Date: January 30, 2022 To: Queen’s Gambit Growth Capital (“Counterparty”) Address: 55 Hudson Yards 44th Floor New York, NY 10001 From: ACM AART VII B, LLC, a Delaware limited liability company (“Seller”) Re: Termination of OTC Equity Prepaid Forward...
Exhibit 10.1
Date: January 30, 2022
To: Queen’s Gambit Growth Capital (“Counterparty”)
Address: 00 Xxxxxx Xxxxx
00xx Xxxxx
Xxx Xxxx, XX 00000
From: ACM AART VII B, LLC, a Delaware limited liability company (“Seller”)

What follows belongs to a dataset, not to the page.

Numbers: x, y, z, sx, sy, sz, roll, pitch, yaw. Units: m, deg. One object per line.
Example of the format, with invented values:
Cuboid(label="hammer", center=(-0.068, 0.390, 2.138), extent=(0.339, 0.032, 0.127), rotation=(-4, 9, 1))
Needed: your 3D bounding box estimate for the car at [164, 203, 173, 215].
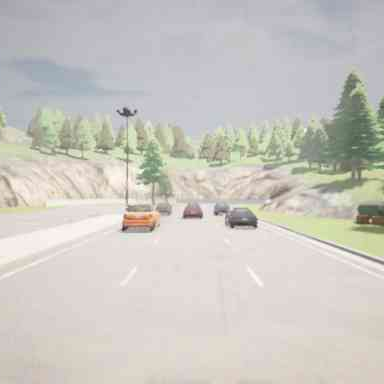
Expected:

Re: Termination of OTC Equity Prepaid Forward Transaction
Ladies and Gentlemen:
Reference is made to that certain agreement dated as of November 15, 2021, by and between Counterparty and Seller for an OTC Equity Prepaid Forward Transaction (the “Forward Purchase Agreement”) with respect to Class A Ordinary Shares, par value $0.0001 per share, of Counterparty (“SPAC Shares”) and the Class A ordinary shares of Pivotal Holdings Corp into which into which such SPAC Shares will be converted in the Business Combination. Capitalized terms used but not otherwise defined herein have the meanings assigned to them in the Forward Purchase Agreement.

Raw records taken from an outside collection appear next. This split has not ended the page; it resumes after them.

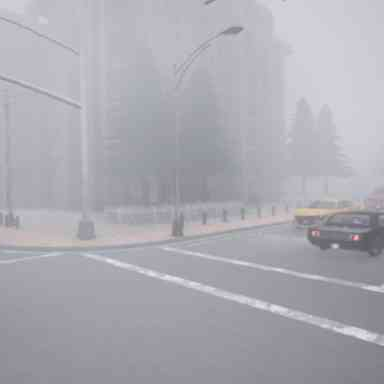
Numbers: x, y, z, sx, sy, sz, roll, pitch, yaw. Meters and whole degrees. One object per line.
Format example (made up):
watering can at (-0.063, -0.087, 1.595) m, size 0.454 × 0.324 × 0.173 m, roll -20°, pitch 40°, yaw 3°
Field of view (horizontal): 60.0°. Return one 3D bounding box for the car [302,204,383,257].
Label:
car at (6.083, 1.321, 11.705) m, size 4.718 × 1.301 × 1.895 m, roll -2°, pitch 1°, yaw -41°

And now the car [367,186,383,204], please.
car at (14.859, 0.583, 24.883) m, size 5.566 × 2.045 × 2.150 m, roll -2°, pitch 1°, yaw -43°

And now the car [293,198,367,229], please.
car at (7.182, 1.090, 17.551) m, size 5.008 × 1.535 × 1.882 m, roll -2°, pitch 1°, yaw -44°

1. Termination of Forward Purchase Agreement. Each of the parties to the Forward Purchase Agreement agrees that, notwithstanding anything in the Forward Purchase Agreement to the contrary, the Transaction is hereby terminated and the Forward Purchase Agreement hereby rendered of no further effect. No further payments or deliveries shall be due by either Seller to Counterparty or Counterparty to Seller in respect of the Transaction (whether in cash, shares or otherwise), including without limitation in respect of any settlement amount, breakage costs or any amounts representing the future value of the Transaction, and neither party shall have any further obligation under the Transaction and, for the avoidance of doubt and without limitation, no payments will have accrued or be due under Sections 2, 6 or 11 of the ISDA Form.
2. Release. Effective as of the date hereof, each party to this agreement (in such capacity, the “Releasing Party”) does hereby, for itself and each of its affiliates, release and forever discharge the other parties and their affiliates and each of their respective current or former equityholders, directors, officers, agents and employees (in each case, in such person’s respective capacity as such), from any and all liabilities whatsoever to the Releasing Party or any of its affiliates, whether at law or in equity, arising from, related to or in connection with the Forward Purchase Agreement or the Transaction.
3. Professional Fees. Notwithstanding anything to the contrary in this letter agreement, the Counterparty shall pay to the Seller on the date of the closing of the Business Combination the attorney fees and other reasonable expenses of the Seller in an amount not to exceed $50,000.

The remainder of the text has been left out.